Introduction: There are many clinically important genes in “dark” regions of the human genome. These regions are characterized as dark due to a paucity of NGS coverage as a result of short-read sequencing or mapping difficulties. Low NGS sequencing yield can arise in these regions due to the presence of various repeat elements or biased base composition while inaccurate mapping is attributable to segmental duplications. Long-read sequencing coupled with an optimized, robust enrichment method has the potential to illuminate these dark regions.

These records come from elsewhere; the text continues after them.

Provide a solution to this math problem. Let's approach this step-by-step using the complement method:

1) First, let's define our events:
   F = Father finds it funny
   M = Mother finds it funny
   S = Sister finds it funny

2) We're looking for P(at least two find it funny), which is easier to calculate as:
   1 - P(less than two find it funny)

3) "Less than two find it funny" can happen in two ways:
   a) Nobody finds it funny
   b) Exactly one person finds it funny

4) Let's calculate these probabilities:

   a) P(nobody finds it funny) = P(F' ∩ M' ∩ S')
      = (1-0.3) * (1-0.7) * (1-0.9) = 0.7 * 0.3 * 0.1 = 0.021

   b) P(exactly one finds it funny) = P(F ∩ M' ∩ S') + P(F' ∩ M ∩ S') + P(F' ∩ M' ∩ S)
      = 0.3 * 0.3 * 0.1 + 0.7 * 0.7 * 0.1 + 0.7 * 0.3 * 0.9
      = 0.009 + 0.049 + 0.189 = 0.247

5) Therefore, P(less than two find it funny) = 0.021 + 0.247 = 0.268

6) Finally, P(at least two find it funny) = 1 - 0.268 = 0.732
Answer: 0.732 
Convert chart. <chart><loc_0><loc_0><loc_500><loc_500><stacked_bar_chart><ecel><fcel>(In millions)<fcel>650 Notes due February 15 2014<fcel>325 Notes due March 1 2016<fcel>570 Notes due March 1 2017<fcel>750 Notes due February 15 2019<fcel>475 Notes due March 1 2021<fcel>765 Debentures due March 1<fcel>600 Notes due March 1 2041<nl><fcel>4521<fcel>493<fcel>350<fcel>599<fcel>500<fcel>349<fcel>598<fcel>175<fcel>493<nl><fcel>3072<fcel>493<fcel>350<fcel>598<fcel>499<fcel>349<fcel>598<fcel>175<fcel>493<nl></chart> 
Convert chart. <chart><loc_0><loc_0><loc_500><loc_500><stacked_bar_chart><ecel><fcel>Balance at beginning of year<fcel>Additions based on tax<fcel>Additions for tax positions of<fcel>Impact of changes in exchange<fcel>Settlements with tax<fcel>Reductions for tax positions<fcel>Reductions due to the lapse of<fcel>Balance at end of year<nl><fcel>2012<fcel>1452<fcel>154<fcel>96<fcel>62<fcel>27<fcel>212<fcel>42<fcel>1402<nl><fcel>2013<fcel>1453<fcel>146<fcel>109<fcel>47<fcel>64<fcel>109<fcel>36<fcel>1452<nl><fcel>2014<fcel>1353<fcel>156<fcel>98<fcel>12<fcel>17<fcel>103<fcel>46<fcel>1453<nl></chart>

Materials and Methods: Using PacBio highly accurate long-read (HiFi) Sequencing, coupled with a long-PCR targeted enrichment method, we investigated two important dark region genes that are challenging to accurately type with short-read sequencing due to associated pseudogenes: CYP21A2, responsible for congenital adrenal hyperplasia, and GBA, responsible for Gaucher disease. For each gene, our aim was to cover regions of pathogenic mutations in a single contiguous sequence or set of sequences that can be assayed in a single reaction. CYP21A2 and an associated pseudogene CYP21A1P were co-amplified in a single long-range PCR reaction generating a 10.2 kb and 8.9 kb amplicon, respectively. Similarly, GBA and an associated pseudogene GBAP1 were co-amplified in a single long-range PCR reaction generating a 12.6 kb and 16.0 kb amplicon, respectively. Seven Coriell samples for the CYP21A2 target region and 13 Coriell samples for the GBA target region containing known pathogenic mutations were studied in replicate. SMRTbell libraries were generated from pooled amplicons for each target gene and sequenced on a PacBio Sequel II System. Accounting for replicates, each library contained a multiplex of 24 samples. A new PacBio sequence clustering algorithm, pbAA, designed for rapid analysis of HiFi reads from amplicons was used in variant typing.
Results: All pathogenic CYP21A2 and GBA variants were accurately called in the test samples. These variants included whole-gene deletions, gene duplication, gene fusions, and recombinant exons. Additionally, phasing of complex heterozygotes was achieved.
Conclusion: We demonstrate that long-read HiFi Sequencing provides new opportunities for sequencing clinically relevant but previously dark regions of the human genome that are underrepresented in short-read sequencing. Accurate long reads provide important phasing information, identify structural variations, and avoid potential confusion with pseudogenes. SMRT Sequencing of these regions enables a better understanding of the relationship between genetic factors and personal health and has the potential to ultimately help guide health-related decisions.